ACTIVITY
In your reply, print every line of the listing exactly and omit all images.

══ PROVIDED RECORDS

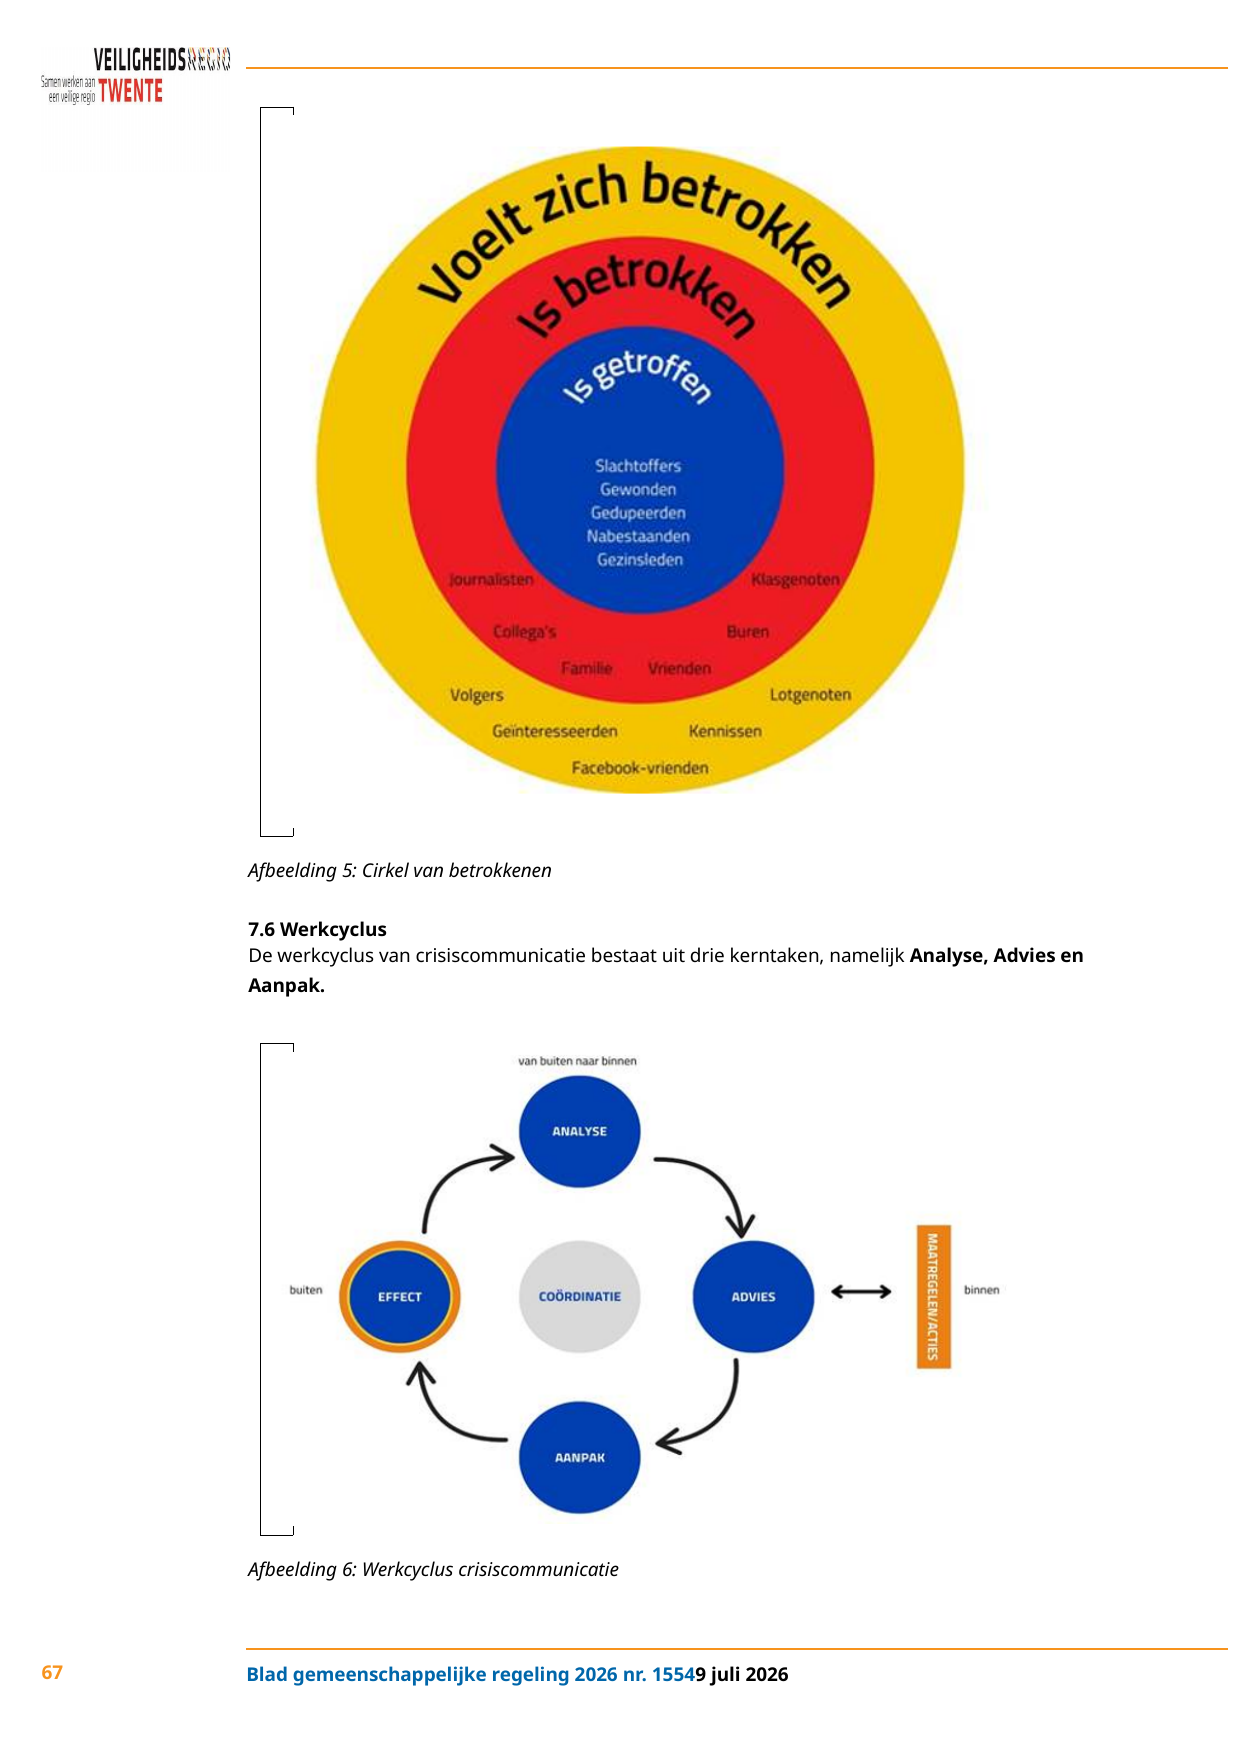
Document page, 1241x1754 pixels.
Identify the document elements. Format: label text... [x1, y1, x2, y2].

picture [41, 47, 231, 172]
picture [268, 1052, 1008, 1526]
text Afbeelding 5: Cirkel van betrokkenen [248, 857, 1152, 883]
text 7.6 Werkcyclus [248, 917, 1152, 942]
picture [268, 115, 1008, 828]
text Afbeelding 6: Werkcyclus crisiscommunicatie [248, 1556, 1152, 1582]
text De werkcyclus van crisiscommunicatie bestaat uit drie kerntaken, namelijk Analyse, Advies en Aanpak. [248, 942, 1152, 998]

════

EXERCISE SOLUTION
Document page, 1241x1754 pixels.
Identify the document elements. Format: label text... [x1, y1, x2, y2].

picture [41, 47, 231, 172]
picture [268, 1052, 1008, 1526]
text Afbeelding 5: Cirkel van betrokkenen [248, 857, 1152, 883]
text 7.6 Werkcyclus [248, 917, 1152, 942]
picture [268, 115, 1008, 828]
text Afbeelding 6: Werkcyclus crisiscommunicatie [248, 1556, 1152, 1582]
text De werkcyclus van crisiscommunicatie bestaat uit drie kerntaken, namelijk Analyse, Advies en Aanpak. [248, 942, 1152, 998]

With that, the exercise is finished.